Serving the High Plains
link QCS Photo: Steve Hansen
Randy Mackey sings one of his original songs with help from “Rodeo Kate” Howell-Chapman, who shared the stage with several performers Saturday at the Cowboy Gathering in Nara Visa.
QCS Staff
Nara Visa hosted another easy-going roundup of cowboy singers and poets Friday, Saturday and Sunday for the annual Cowboy Gathering.
A total of 77 persons, not including the 27 performing acts, attended the concerts and 120 persons lined up for the annual chuck wagon steak dinner prepared again this year by Rhett Cauble and his family from Amarillo, Texas.

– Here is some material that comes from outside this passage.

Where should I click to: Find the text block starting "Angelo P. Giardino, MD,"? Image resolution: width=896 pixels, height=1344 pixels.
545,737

“We had an unusually talented group of performers this year,” Teressa Bruhn, one of the event’s organizers, said.
Performers ranged in age from nine years to 85 and came from as far away as east of Oklahoma City and central Texas, she said.
R.W. Hampton, who has performed cowboy songs around the world and won awards for preserving Western music, sang some selections on the stage of the Nara Visa School Community Center, surrounded on stage by fellow performers and in front of an enthusiastic audience.

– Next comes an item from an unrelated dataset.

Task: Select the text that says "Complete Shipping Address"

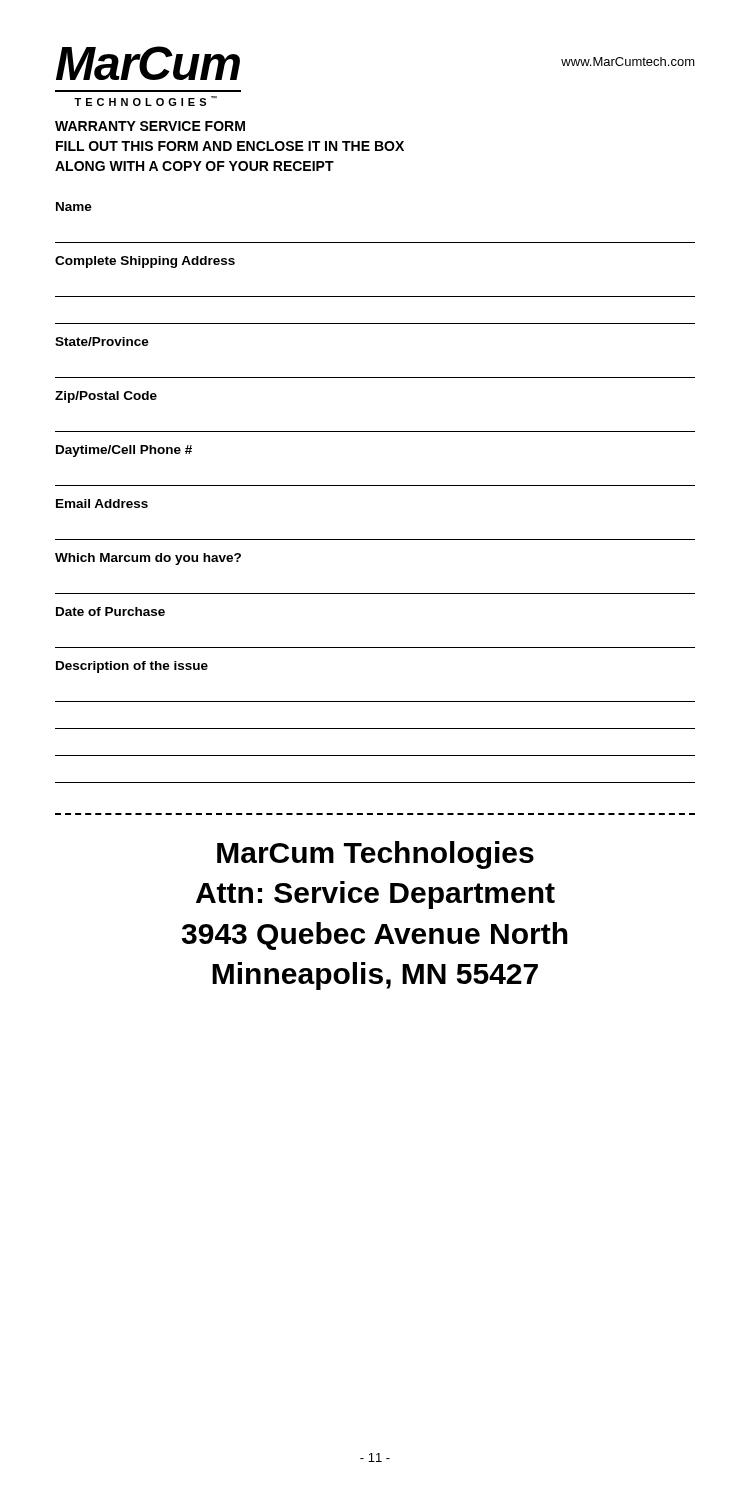Action: click(375, 288)

In another highlight of the annual event, Jim Payne of Logan was honored with the Buck Ramsey Heritage Award, which is presented every year to a ranch, family or individual who best demonstrates western values.
Payne, 90, has done ranch work since the 1930s, working several ranches in the Logan area.
He has been a deputy brand inspector since 1957, Bruhn said, and in 2005, he was named brand inspector of the year, the first deputy brand inspector of the year, Bruhn said. Deputy brand inspectors are part-time employees, Bruhn said.